- Performing Frogs at the Hult Center for the Performing Arts in 2015
- Artist: David Gilhooly
- Year: 1982
- Type: Sculpture
- Medium: Ceramic; concrete;
- Subject: Frogs
- Condition: "Treatment urgent" (1993)
- Location: Eugene, Oregon, United States; 44°03′09″N 123°05′35″W﻿ / ﻿44.052480°N 123.093111°W;

= Performing Frogs =

Sculpture in Eugene, Oregon, U.S.

Performing Frogs is a 1982 sculpture by David Gilhooly, in Eugene, Oregon, United States.

==Description==
David Gilhooly's Performing Frogs (1982) is a ceramic sculpture depicting frogs performing acrobatics that was originally atop six concrete pillars.
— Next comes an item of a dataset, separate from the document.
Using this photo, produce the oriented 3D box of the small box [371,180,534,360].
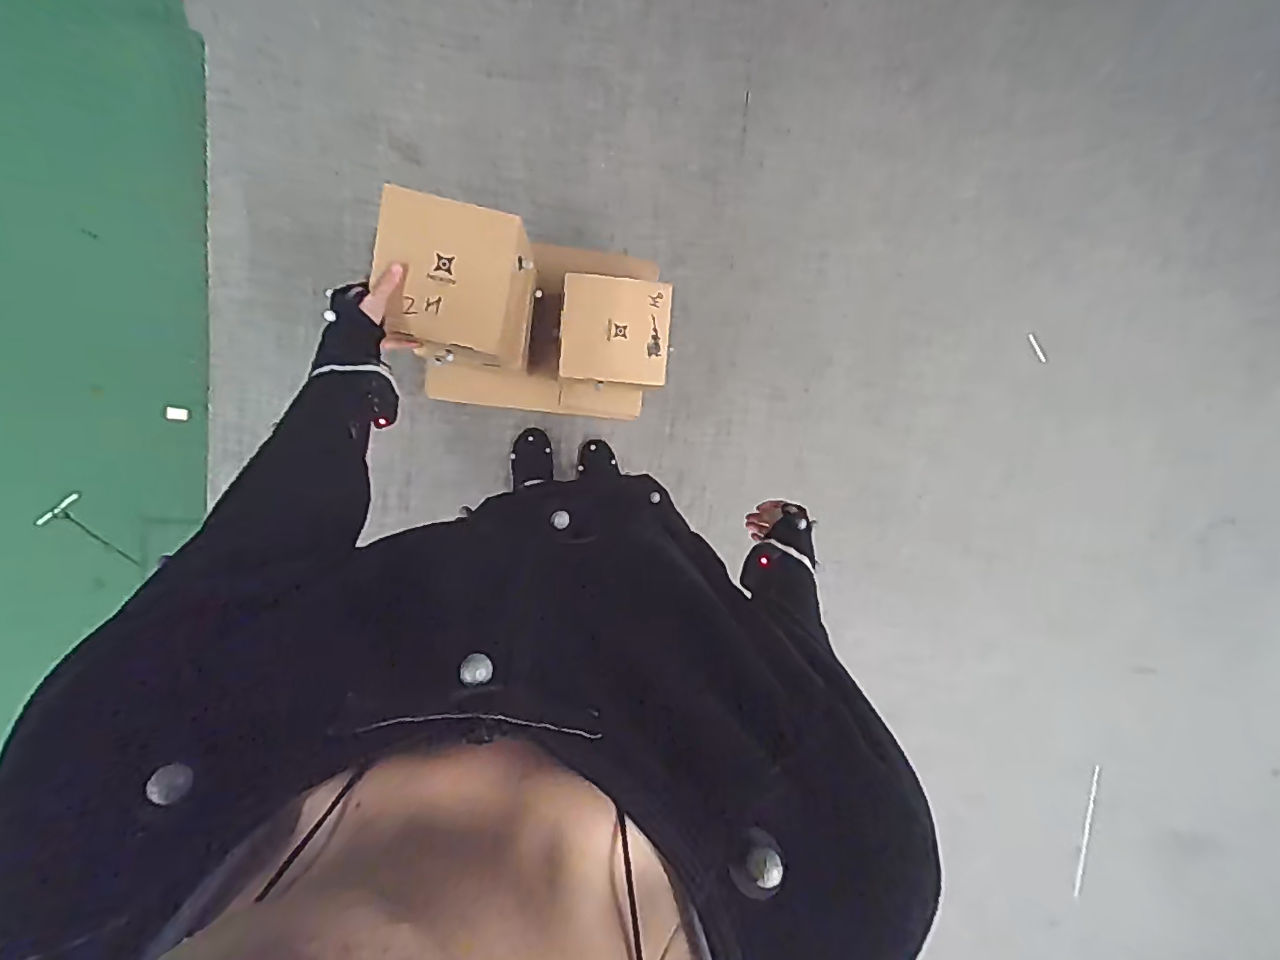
[{"bbox_3d":[-0.246,-0.275,0.750,0.168,0.176,0.179,11,97,-6],"label":"small box"}]

Some of the frogs have birds sitting on their heads. It is installed at the Hult Center for the Performing Arts. A nearby plaque reads: Performing Frogs/David Gilhooly/1982. The sculpture's condition was deemed "treatment urgent" by the Smithsonian Institution's "Save Outdoor Sculpture!" program in October 1993. It is administered by the City of Eugene.

The deteriorating sculpture was later moved indoors, above one of the Hult Center's entrances.